Shenanigans at the Jolliest Roger

A Pirate’s Dilemma, Part the Second

Old Stella had made some peculiar changes to the Roger, I tell ye true. I remember well a time when a seaman like yers truly could grab a pint of grog, settle into one of Stella’s leather-backed chairs, and put his peg up on an oaken barrel. And a fine bar she stocked, arrrr.

I tarried at the threshold. “Stella, what’s become of the place? Where’s me bar? Where’s me fine old leather chairs, and barrel to rest me peg a spell?”

“Times have changed, Cap’n. See that hunk of brass?
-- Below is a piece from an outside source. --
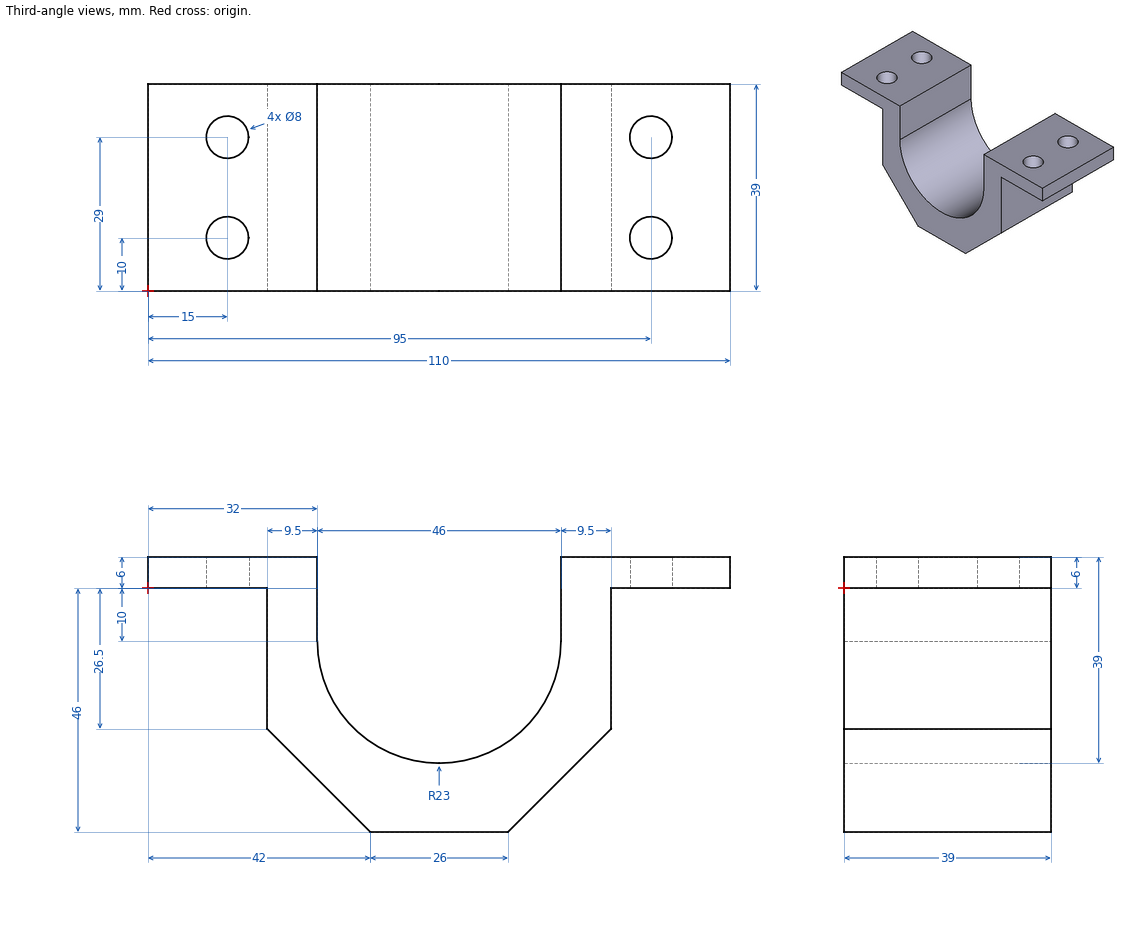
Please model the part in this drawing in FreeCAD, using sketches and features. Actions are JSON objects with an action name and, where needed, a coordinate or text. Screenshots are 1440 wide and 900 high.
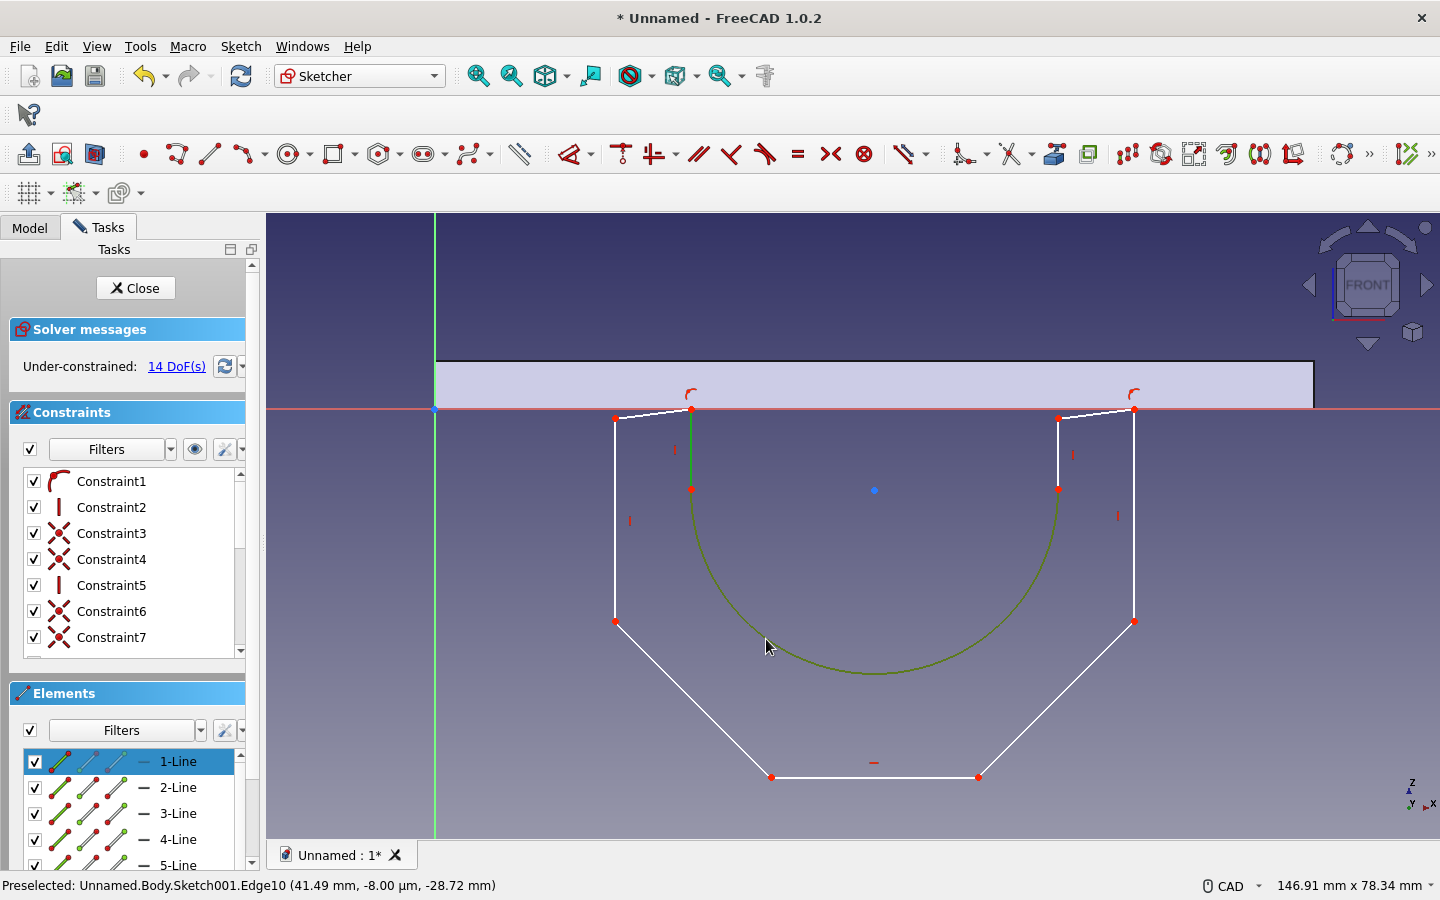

That’s an espresso machine. Now I can steam milk like the pros –”

“You always steamed my milk like a pro, Stella dear.”

“Kind of you to say, Cap’n. My new clientele likes lots of glass and stainless steel –”

“Avast! What be those plants on the tables, and hanging off yer beams?”
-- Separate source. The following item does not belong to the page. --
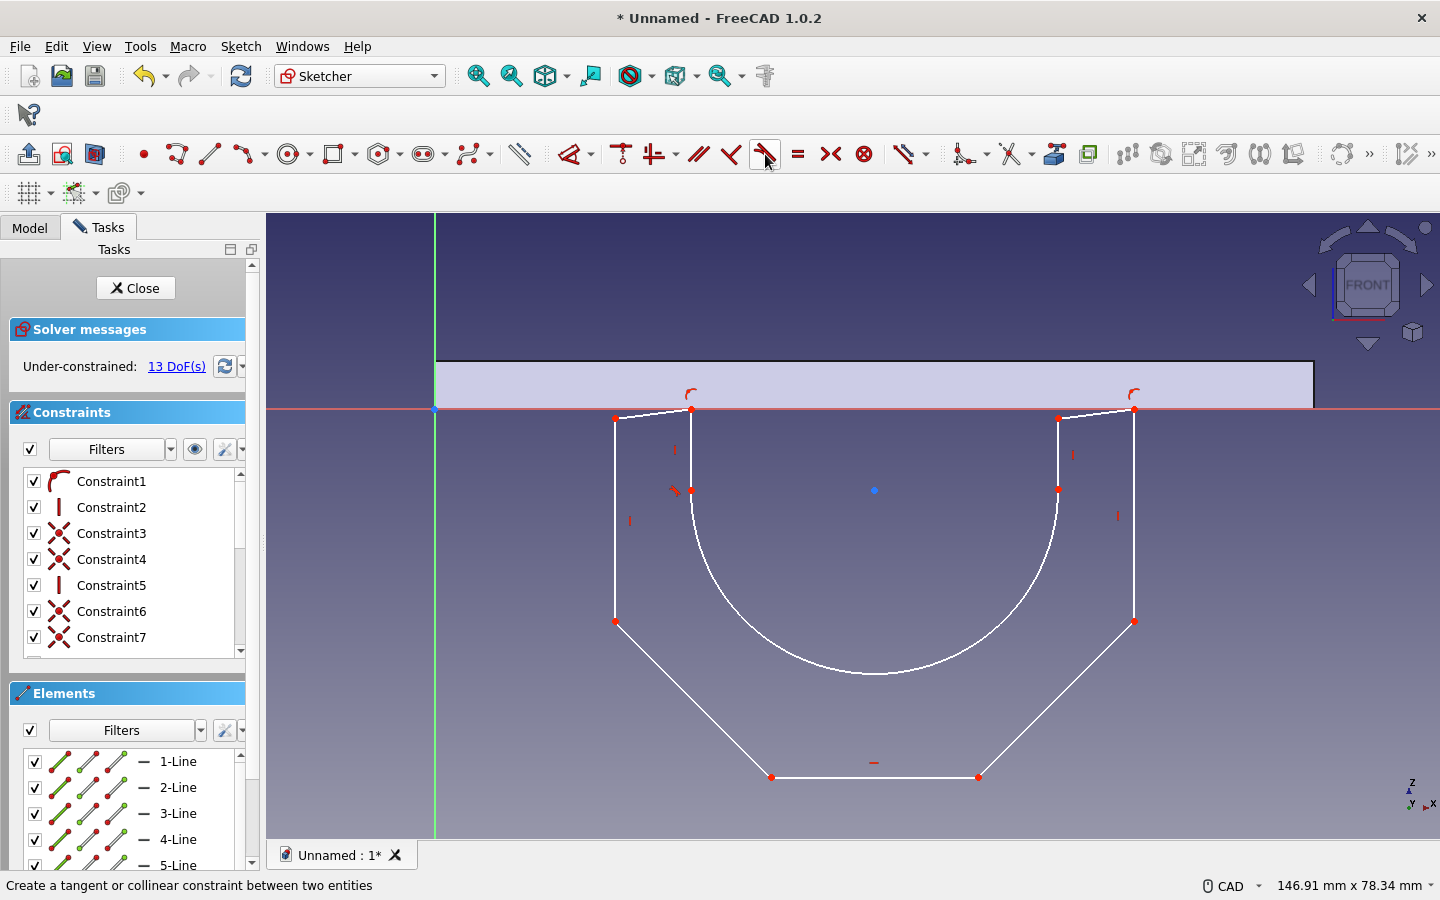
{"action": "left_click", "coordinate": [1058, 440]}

“Calla lilies, Cap’n. And those be ferns.”

“Stella, Stella. What sort of godfersaken house of ill repute are you runnin’ these days? And what be that on the table — malt vinegar? Stella, I like me lasses to smell like lasses –”

But I had no chance to finish, for at that very moment the beauties appeared, floatin’ down the stairs like visions of Earthly delight. Frenchies and Spaniards, jade-bedecked vixens from Cathay and the finest Nubian princesses. “Oooh la la, it’s Captain Morning Wood!” cried one, and “Can I sit on your lap?” cried ‘tother, and “May I please polish your peg leg?” cried a third.

They surrounded yer blighted hero and whisked me to a table. While Stella plied me with her finest rum (she’d saved me a pint, bless her heart), they begged me fer stories of courage and adventure on the high seas. But before long, I came to know their darker purpose.

“Cap’n,” said the Nubian, a fine lass with a high breast, two of them in fact, “is it true you shipped with the legendary Jack Sparrow?”

“Oooh!” the others did cry out in their feminine ecstacies. “You knew Jack Sparrow? What’s he like? Tell me, tell me please!”

“Ay, ’tis true,” I said most mournfully. “I knew Jack Sparrow. I shipped with the Perrier-drinkin’ scoundrel.”

Aye. At last it made sense: the cafe lattes, the calla lilies, the ferns. Jack Sparrow — that bilge-sucking, eyeliner-bogarting blaggard — Jack Sparrow had come to town and fouled me beloved Jolliest Roger.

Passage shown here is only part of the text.